Optimierung der endokrinen Therapie
Bei Patientinnen mit einem HR+ Mammakarzinom und einem erhöhten Rückfallrisiko kommen endokrine Kombinationstherapien sowie eine Chemotherapie zum Einsatz. In der Postmenopause sollte ein Aromatase-Inhibitor (AI) Tamoxifen ergänzen, egal ob als Sequenz oder als Upfront, und bei stark erhöhtem Risiko sollte die Therapie mit einem CDK4/6-Inhibitor – derzeit ist nur Abemaciclib zugelassen – erweitert werden, um das Fernmetastasenrisiko zu senken. Die Risikosenkung durch Abemaciclib in der monarchE-Studie [3] habe der einer Chemotherapie entsprochen, sagte Janni. Die Zulassung von Ribociclib in der Adjuvanz sei dieses Jahr zu erwarten, und zwar auch bei intermediärem Risiko, da in der NATALEE-Studie [4] bei diesen Patientinnen das Metastasierungsrisiko erheblich gesenkt wurde. Janni betonte außerdem die wichtige Rolle der zusätzlichen ovariellen Funktionssuppression (OFS) bei der adjuvanten ET prämenopausaler Patientinnen mit erhöhtem Risiko über zwei bis fünf Jahre „trotz der leider bestehenden Nebenwirkungen“. Am nebenwirkungsreichsten sei die Kombination aus AI und OFS.

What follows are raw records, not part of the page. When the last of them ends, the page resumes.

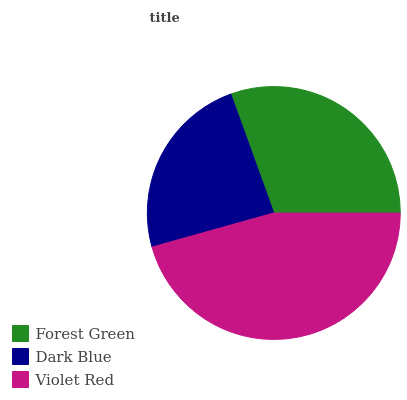Is Dark Blue the minimum?
Answer yes or no. Yes. Is Violet Red the maximum?
Answer yes or no. Yes. Is Violet Red the minimum?
Answer yes or no. No. Is Dark Blue the maximum?
Answer yes or no. No. Is Violet Red greater than Dark Blue?
Answer yes or no. Yes. Is Dark Blue less than Violet Red?
Answer yes or no. Yes. Is Dark Blue greater than Violet Red?
Answer yes or no. No. Is Violet Red less than Dark Blue?
Answer yes or no. No. Is Forest Green the high median?
Answer yes or no. Yes. Is Forest Green the low median?
Answer yes or no. Yes. Is Violet Red the high median?
Answer yes or no. No. Is Dark Blue the low median?
Answer yes or no. No. 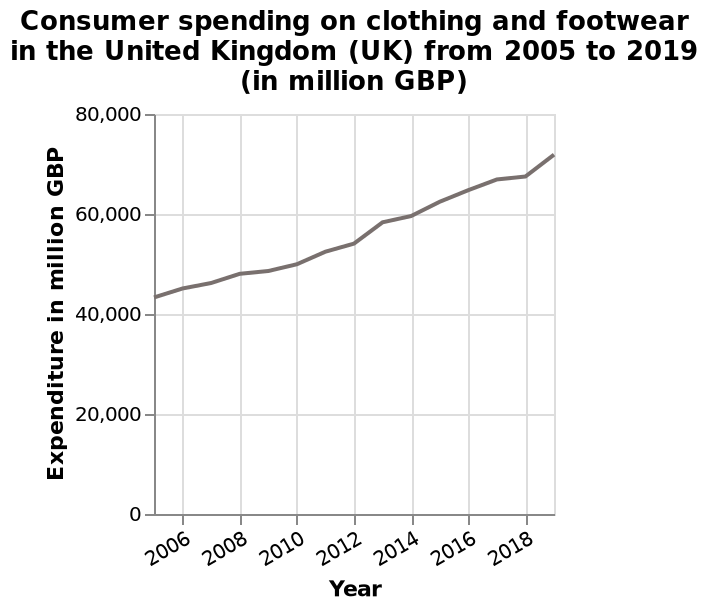<image>
What is the name of the line plot?  The line plot is named "Consumer spending on clothing and footwear in the United Kingdom (UK) from 2005 to 2019. Describe the following image in detail This is a line plot named Consumer spending on clothing and footwear in the United Kingdom (UK) from 2005 to 2019 (in million GBP). Expenditure in million GBP is plotted on the y-axis. There is a linear scale from 2006 to 2018 along the x-axis, marked Year.

Ein weiterer wichtiger Punkt: Nicht nur beim TNBC, auch bei Patientinnen mit HR+ Mammakarzinom kann in 5 bis 7 % der Fälle eine BRCA-Keimbahnmutation vorliegen, die eine Therapieergänzung mit Olaparib ermöglicht. „Diese Patientinnen profitieren mit einer Verbesserung des OS“, erinnerte Janni.
SERDs in die Adjuvanz?
Ein Symposium beschäftigte sich mit neuen Entwicklungen der adjuvanten endokrinen Therapie (ET). PD Dr. Johannes Ettl, Kempten, eruierte, ob orale „selective estrogen receptor degraders“ (SERDs), die mit der Zulassung von Elacestrant in die Therapie des metastasierten HR+ Mammakarzinoms Einzug gehalten haben, auch in der Adjuvanz Fuß fassen könnten. Die Weiterentwicklung der HR-gerichteten Therapie sei sinnvoll, so Ettl. SERDs könnten effektiver sein, bei frühem Einsatz die Biologie des Krankheitsverlaufs verändern und ein günstigeres Nebenwirkungsprofil als Tamoxifen und AI haben. So könnten sie die Compliance erhöhen, fasste er mögliche Vorteile zusammen.

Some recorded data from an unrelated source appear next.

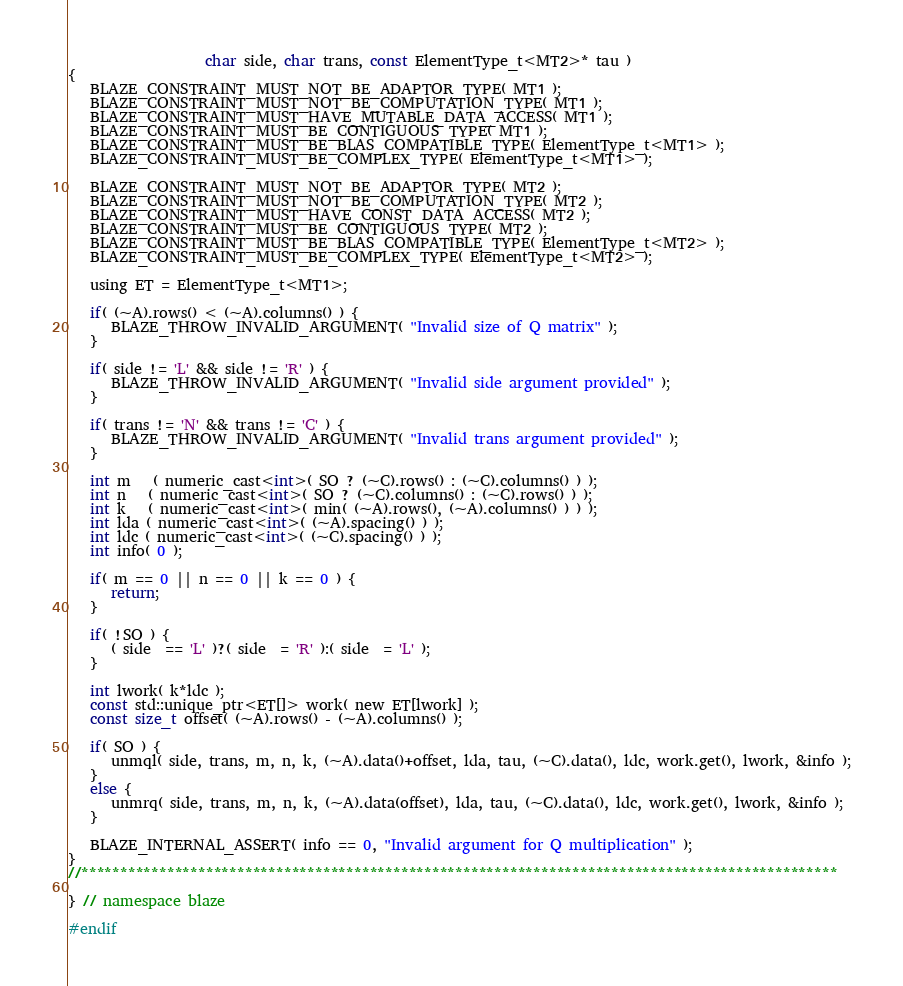Convert code to text. <code><loc_0><loc_0><loc_500><loc_500><_C_>                   char side, char trans, const ElementType_t<MT2>* tau )
{
   BLAZE_CONSTRAINT_MUST_NOT_BE_ADAPTOR_TYPE( MT1 );
   BLAZE_CONSTRAINT_MUST_NOT_BE_COMPUTATION_TYPE( MT1 );
   BLAZE_CONSTRAINT_MUST_HAVE_MUTABLE_DATA_ACCESS( MT1 );
   BLAZE_CONSTRAINT_MUST_BE_CONTIGUOUS_TYPE( MT1 );
   BLAZE_CONSTRAINT_MUST_BE_BLAS_COMPATIBLE_TYPE( ElementType_t<MT1> );
   BLAZE_CONSTRAINT_MUST_BE_COMPLEX_TYPE( ElementType_t<MT1> );

   BLAZE_CONSTRAINT_MUST_NOT_BE_ADAPTOR_TYPE( MT2 );
   BLAZE_CONSTRAINT_MUST_NOT_BE_COMPUTATION_TYPE( MT2 );
   BLAZE_CONSTRAINT_MUST_HAVE_CONST_DATA_ACCESS( MT2 );
   BLAZE_CONSTRAINT_MUST_BE_CONTIGUOUS_TYPE( MT2 );
   BLAZE_CONSTRAINT_MUST_BE_BLAS_COMPATIBLE_TYPE( ElementType_t<MT2> );
   BLAZE_CONSTRAINT_MUST_BE_COMPLEX_TYPE( ElementType_t<MT2> );

   using ET = ElementType_t<MT1>;

   if( (~A).rows() < (~A).columns() ) {
      BLAZE_THROW_INVALID_ARGUMENT( "Invalid size of Q matrix" );
   }

   if( side != 'L' && side != 'R' ) {
      BLAZE_THROW_INVALID_ARGUMENT( "Invalid side argument provided" );
   }

   if( trans != 'N' && trans != 'C' ) {
      BLAZE_THROW_INVALID_ARGUMENT( "Invalid trans argument provided" );
   }

   int m   ( numeric_cast<int>( SO ? (~C).rows() : (~C).columns() ) );
   int n   ( numeric_cast<int>( SO ? (~C).columns() : (~C).rows() ) );
   int k   ( numeric_cast<int>( min( (~A).rows(), (~A).columns() ) ) );
   int lda ( numeric_cast<int>( (~A).spacing() ) );
   int ldc ( numeric_cast<int>( (~C).spacing() ) );
   int info( 0 );

   if( m == 0 || n == 0 || k == 0 ) {
      return;
   }

   if( !SO ) {
      ( side  == 'L' )?( side  = 'R' ):( side  = 'L' );
   }

   int lwork( k*ldc );
   const std::unique_ptr<ET[]> work( new ET[lwork] );
   const size_t offset( (~A).rows() - (~A).columns() );

   if( SO ) {
      unmql( side, trans, m, n, k, (~A).data()+offset, lda, tau, (~C).data(), ldc, work.get(), lwork, &info );
   }
   else {
      unmrq( side, trans, m, n, k, (~A).data(offset), lda, tau, (~C).data(), ldc, work.get(), lwork, &info );
   }

   BLAZE_INTERNAL_ASSERT( info == 0, "Invalid argument for Q multiplication" );
}
//*************************************************************************************************

} // namespace blaze

#endif
</code>

Zu den bisher überwiegend aus der metastasierten Situation bekannten Nebenwirkungen der SERDs gehören gastrointestinale Beschwerden, Bradykardien und Sehstörungen, aber auch Arthralgien, Fatigue und Hitzewallungen, zählte Ettl auf.

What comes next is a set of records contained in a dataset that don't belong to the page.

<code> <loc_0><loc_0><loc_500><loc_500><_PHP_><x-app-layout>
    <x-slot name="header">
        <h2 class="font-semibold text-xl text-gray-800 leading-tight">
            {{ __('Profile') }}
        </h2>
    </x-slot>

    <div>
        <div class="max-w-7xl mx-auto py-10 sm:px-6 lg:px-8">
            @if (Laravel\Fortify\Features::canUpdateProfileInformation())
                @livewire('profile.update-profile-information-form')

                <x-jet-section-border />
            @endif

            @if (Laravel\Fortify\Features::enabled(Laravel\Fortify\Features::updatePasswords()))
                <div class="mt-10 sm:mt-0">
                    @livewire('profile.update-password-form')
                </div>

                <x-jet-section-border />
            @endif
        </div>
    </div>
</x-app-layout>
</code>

Daten zum frühen Einsatz von SERDs lieferte die Phase-II-Studie coopERA Breast Cancer [5]. Darin wurde das SERD Giredestrant neoadjuvant in einer Window-of-Opportunity-Phase untersucht. 221 Patientinnen erhielten entweder Giredestrant oder Anastrozol, dann jeweils dieselbe Therapie weiter plus Palbociclib über vier Zyklen. Die mittlere relative Ki-67-Reduktion nach zwei Wochen betrug –75 % unter Giredestrant und –67 % unter Anastrozol (p = 0,043).
Die häufigste Grad-3/4-Nebenwirkung war Neutropenie (26 %) unter Giredestrant plus Palbociclib versus 27 % unter Anastrozol plus Palbociclib. Schwerwiegende Nebenwirkungen waren mit 4 % unter Giredestrant doppelt so häufig wie unter Anastrozol (2 %). Arthralgien jeglichen Grades waren im Giredestrant-Arm seltener (11 vs. 19 %). Nur im Giredestrant-Arm traten Bradykardien auf (4,5 % alle Grade).
Weiter unbekannt sind die Toxizitätsprofile verschiedener SERDs bei längerer Einnahme. In einer Reihe laufender Studien untersucht man derzeit die Effektivität oraler SERDs im adjuvanten Setting: lidERA mit Giredestrant, CAMBRIA-1 mit Camizestrant, TREATctDNA mit Elacestrant und EMBER-4 mit Imlunestrant.